- 1st March 2019
Paul has been at BIDBI for a very long time, he started back in 2009 as a temp, but loved it so much he decided to stay. Through the years he has tried his hand at and mastered each print technique that has been thrown at him. A team player, he regularly trains new recruits and gets them up to speed by imparting his many years of printing wisdom on them.
Deservedly so, Paul is BIDBI’s Employee of the Month for January. We sit down with him and talk printing, dirt bikes and what’s made him stick around all these years.
When you started at BIDBI, what was it like?
I started in 2009 and the company had only been trading for 2 years, it was still in its first stages, so it was very ‘makeshift’. We only had a manual screen print carousel and two heat press machines, I think there was only a handful of screens too! There was 4 of us that worked in production in total, and 6 who were in the office, which is a world away from where we are now.
Did you think you’d be here all these years, watching the company grow and change?
To tell you the truth, no I didn’t. I started out as a temp, after a friend mentioned there was some work going at BIDBI, but I decided to stay after that job was complete, it was exciting working in a growing company and having the opportunity to be part of something new. Plus printing was something completely novel to me and I really enjoyed it. Being able to see BIDBI now from where it was 10 years ago makes me feel proud! The past two years have been the most exciting, we’ve expanded so much and I'm looking forward to what's coming.
What’s your favourite printing method?
Definitely Screen printing, I like how much control you have over the whole process, especially being able to control the finish in comparison to other methods such as heat press printing.

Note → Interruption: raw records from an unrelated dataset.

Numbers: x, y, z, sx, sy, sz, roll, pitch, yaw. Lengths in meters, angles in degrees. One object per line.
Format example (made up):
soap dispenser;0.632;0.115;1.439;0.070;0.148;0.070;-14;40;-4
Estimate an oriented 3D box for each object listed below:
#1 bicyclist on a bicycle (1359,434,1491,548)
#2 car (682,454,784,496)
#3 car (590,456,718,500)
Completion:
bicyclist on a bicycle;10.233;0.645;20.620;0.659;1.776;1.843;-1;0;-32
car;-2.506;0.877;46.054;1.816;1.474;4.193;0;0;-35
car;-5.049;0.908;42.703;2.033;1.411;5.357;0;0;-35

With screen printing you can adjust the pressure you put on the squeegee (the tool you use to push the ink through the mesh screen) which helps you get a better finish depdending on what the artwork is like.
Do any notable prints/bags come to mind?
Oh wow, that’s a hard one, I’ve printed around 7,000 orders in my time here and there are so many that I can think of. Errm, It’s probably a bag I printed for the Rolling Stones 50th Anniversary. It was on a black Luxury Shopper Bag and had a two-sided print, with 3 colours on each side. I think that sticks out the most because of the name and of how many issues we had printing it as we’d never attempted something like that before, which makes me laugh now because I could do that with my eyes shut now!

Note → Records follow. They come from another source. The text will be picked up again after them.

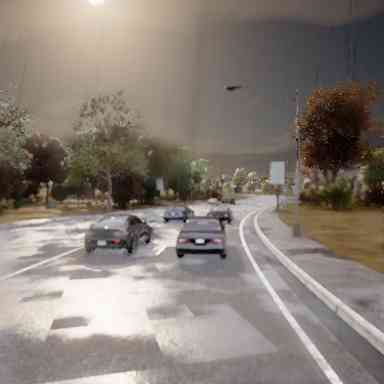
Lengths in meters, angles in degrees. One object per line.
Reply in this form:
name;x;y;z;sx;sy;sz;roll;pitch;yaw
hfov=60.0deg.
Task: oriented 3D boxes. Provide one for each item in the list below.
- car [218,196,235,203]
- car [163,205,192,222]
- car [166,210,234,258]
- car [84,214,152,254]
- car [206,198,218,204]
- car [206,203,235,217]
car;7.847;1.811;71.486;2.150;2.045;5.566;0;0;19
car;-1.019;1.807;28.342;2.033;1.411;5.357;0;0;11
car;0.474;1.673;13.368;2.033;1.411;5.357;0;-1;5
car;-2.970;1.652;14.038;1.812;1.442;4.674;0;0;5
car;4.550;2.109;72.660;1.812;1.442;4.674;0;0;19
car;2.446;1.864;27.815;1.895;1.301;4.718;0;0;11

What does it take to be a master printer?
Patience, an eye for detail. And initiative.
How do you feel about winning employee of the month?
Chuffed, really chuffed. It’s nice to get the recognition for the hard work that you put in and for doing something you love. Plus, who doesn’t love a day off!

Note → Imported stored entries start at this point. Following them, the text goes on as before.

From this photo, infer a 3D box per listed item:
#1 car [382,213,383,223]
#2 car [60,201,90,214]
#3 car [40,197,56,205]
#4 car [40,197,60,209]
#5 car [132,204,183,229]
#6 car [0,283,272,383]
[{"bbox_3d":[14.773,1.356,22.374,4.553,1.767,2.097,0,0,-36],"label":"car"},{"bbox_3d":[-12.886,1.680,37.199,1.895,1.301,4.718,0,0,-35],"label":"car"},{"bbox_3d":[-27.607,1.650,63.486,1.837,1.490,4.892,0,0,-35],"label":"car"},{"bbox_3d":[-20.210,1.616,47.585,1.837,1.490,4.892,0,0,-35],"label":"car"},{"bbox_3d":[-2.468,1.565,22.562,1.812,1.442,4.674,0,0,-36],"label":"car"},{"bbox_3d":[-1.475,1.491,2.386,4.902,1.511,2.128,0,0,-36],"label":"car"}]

What do you like to get up to when you’re not printing?
I race dirt bikes, for fun and in competitions, I recently got back into it after a few years and realised it’s something I love. It’s mainly the adrenaline rush you get when going fast and also the element of danger. I’ve had a few scrapes but that’s part and parcel of the sport. My dream is to take my bike and go riding around the world.
What advice do you have for people who want to get into printing?
Honestly, it’s harder than you expect it to be, especially to be a good printer, you have to really care about what you’re doing and treat each job with importance.
What steps do you take in order to be more environmentally friendly?
I try to cycle to work as much as I can, it definitely beats sitting in traffic. I also recycle as much as I can and I’ve been trying to eat less meat, I used to eat meat everyday but I make sure I have meals that don’t have any meat around 3 times a week. And of course I always carry a tote bag with me when shopping so I don’t have to use a plastic bag!
In laymen’s terms can you explain what screen printing is?
Screen printing is a printing method which uses a mesh stencil to transfer an image onto a garment or medium by pushing ink through the stencil.